Each step has a defined input, output, and quality gate. If any gate fails, work goes back to the responsible agent with specific fix instructions.

13-step pipeline from capture through publish with red feedback loops for failed reviews

The red dashed arrows are the feedback loops. A content review score below 70 sends the article back to the writer. A diagram review failure sends it back to the builder. No step is “done” until its quality gate passes.

This pipeline produced every article on this site, including the flow inventory governance piece, the environment strategy guide, and the solution-aware flows article.

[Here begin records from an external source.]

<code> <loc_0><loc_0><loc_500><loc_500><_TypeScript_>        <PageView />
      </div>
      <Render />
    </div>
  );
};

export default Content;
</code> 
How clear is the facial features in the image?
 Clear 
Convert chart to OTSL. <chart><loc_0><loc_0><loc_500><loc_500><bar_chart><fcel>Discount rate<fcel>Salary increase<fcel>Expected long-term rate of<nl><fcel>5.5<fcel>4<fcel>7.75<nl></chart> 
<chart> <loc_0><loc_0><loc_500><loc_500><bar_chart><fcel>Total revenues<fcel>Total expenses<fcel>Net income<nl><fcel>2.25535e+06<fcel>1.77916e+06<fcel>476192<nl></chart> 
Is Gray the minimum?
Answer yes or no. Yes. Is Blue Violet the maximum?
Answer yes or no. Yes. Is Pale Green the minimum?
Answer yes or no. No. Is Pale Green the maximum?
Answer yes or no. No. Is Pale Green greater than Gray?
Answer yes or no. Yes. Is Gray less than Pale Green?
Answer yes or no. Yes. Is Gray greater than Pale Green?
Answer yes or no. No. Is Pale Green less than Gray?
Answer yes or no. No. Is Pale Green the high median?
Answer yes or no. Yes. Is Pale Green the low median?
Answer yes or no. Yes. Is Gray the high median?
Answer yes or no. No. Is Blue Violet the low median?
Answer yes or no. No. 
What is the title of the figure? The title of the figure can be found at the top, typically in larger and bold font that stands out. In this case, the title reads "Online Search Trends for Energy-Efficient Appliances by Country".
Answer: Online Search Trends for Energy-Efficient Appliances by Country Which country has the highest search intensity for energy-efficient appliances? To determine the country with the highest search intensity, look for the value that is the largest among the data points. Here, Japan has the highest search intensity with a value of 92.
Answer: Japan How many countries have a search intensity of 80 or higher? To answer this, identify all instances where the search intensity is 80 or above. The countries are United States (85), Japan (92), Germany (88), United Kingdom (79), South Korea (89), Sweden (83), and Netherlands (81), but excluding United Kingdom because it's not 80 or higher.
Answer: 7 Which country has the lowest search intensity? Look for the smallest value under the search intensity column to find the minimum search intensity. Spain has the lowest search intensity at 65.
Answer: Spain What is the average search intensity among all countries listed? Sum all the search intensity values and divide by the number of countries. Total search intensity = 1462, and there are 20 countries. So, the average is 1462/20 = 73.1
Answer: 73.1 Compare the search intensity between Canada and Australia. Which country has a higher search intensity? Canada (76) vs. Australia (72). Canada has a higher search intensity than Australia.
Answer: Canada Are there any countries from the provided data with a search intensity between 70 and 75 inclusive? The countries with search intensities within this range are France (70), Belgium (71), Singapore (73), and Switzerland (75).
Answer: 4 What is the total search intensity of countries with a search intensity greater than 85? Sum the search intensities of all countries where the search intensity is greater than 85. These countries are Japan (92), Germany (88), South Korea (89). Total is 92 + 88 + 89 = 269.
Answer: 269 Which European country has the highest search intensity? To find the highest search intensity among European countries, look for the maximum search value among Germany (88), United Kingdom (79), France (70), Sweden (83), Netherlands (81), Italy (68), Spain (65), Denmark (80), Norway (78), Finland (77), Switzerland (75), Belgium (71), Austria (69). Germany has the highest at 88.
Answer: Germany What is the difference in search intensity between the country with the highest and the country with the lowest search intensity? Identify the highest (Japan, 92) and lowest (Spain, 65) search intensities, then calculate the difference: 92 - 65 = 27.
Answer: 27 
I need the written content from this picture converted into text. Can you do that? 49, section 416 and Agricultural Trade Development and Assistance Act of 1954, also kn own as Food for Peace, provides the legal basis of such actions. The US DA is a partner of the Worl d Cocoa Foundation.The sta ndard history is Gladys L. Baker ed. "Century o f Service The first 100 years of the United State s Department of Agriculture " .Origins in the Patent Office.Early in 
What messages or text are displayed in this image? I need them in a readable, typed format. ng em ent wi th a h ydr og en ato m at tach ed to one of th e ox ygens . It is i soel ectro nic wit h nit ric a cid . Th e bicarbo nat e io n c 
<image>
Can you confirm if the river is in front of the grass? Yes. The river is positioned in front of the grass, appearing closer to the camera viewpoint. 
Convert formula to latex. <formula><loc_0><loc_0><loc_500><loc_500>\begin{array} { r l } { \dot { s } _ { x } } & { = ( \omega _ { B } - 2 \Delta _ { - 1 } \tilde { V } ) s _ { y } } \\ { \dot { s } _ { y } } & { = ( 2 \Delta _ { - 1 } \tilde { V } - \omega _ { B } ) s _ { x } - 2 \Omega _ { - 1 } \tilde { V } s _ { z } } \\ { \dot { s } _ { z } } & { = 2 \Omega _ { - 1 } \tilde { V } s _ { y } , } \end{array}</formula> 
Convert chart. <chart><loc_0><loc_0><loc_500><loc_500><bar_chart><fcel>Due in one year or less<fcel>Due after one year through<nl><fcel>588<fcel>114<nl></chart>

MCP Servers: Extending the Agent’s Reach

Model Context Protocol servers give your agents access to external tools and data. Three MCP servers power our setup:

MCP Server	What It Provides
Microsoft Learn	Search and fetch official Microsoft documentation
Draw.io	Programmatic diagram creation with Azure2 icons
Google Trends	Trending topics and news for content research

The key lesson with MCP: always verify capabilities by testing, not by assuming. Our Draw.io MCP server required a browser open on localhost:3000 for the WebSocket connection. The tools list said nothing about this requirement. We discovered it when every tool call hung indefinitely.

What Went Wrong (Twice)

Before sharing the lessons, here are two disasters that shaped the system.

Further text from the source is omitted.